請求項１〜３のいずれか１項に記載の酵素を調製するためのｉｎｖｉｔｒｏにおける方法であって、
ａ）請求項７〜９のいずれか１項に記載の宿主細胞を、請求項１〜３のいずれか１項に記載の酵素の発現を得るために適した条件下で培養する工程と、
ｂ）発現した該酵素を回収する工程と
を含む前記方法。
ステロイドホルモン前駆体を産生するための、請求項１〜３のいずれか１項に記載の酵素の使用。

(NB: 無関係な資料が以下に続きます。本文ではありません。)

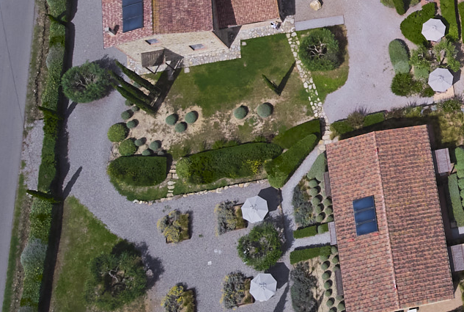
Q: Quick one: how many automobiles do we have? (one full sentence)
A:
Not a single automobile can be seen.
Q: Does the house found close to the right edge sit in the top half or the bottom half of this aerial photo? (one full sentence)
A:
The house found close to the right edge is in the bottom half of the image.
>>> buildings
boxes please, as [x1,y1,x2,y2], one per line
[325,125,455,312]
[101,0,282,57]
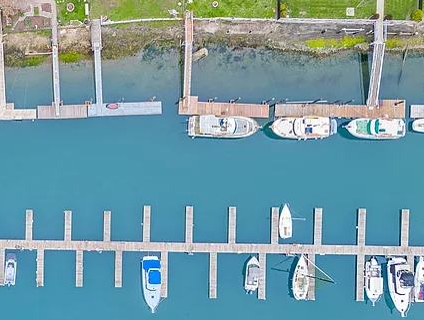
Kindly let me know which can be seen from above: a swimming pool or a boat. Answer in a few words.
boat
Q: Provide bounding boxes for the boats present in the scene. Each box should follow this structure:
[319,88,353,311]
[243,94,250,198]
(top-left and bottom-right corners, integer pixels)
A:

ステロイドホルモン前駆体を産生するための方法であって、
ａ）請求項８〜１０のいずれか１項に記載の微生物を用意する工程と、
ｂ）前記微生物を、請求項１〜３のいずれか１項に記載の酵素の発現が可能になる条件下で培養する工程と、
ｃ）工程ｂ）で得られた微生物培養物を、コレステロール、コレステロール類似体およびコレステロール誘導体のような、脂肪族側鎖を有する多環不飽和モノアルコールからなる群から選択される基質と、該微生物による前記基質からのステロイドホルモン前駆体の産生が可能になる条件下で接触させる工程と、
ｄ）産生された該ステロイドホルモン前駆体を回収する工程と
を含む前記方法。
ステロイドホルモン前駆体を産生するための方法であって、
ａ）請求項１〜３のいずれか１項に記載の酵素を、単離されたアドレノドキシン（Ａｄｘ）ポリペプチド、単離されたアドレノドキシンレダクターゼ（ＡｄＲ）ポリペプチド、ならびにコレステロール、コレステロール類似体およびコレステロール誘導体のような、脂肪族側鎖を有する多環不飽和モノアルコールからなる群から選択される基質と、前記基質のステロイドホルモン前駆体への転換が可能になる条件下で接触させる工程と、
ｂ）得られた該ステロイドホルモン前駆体を回収する工程と
を含む前記方法。
ステロイドホルモン前駆体はプレグネノロンである、請求項１３または１４に記載の方法。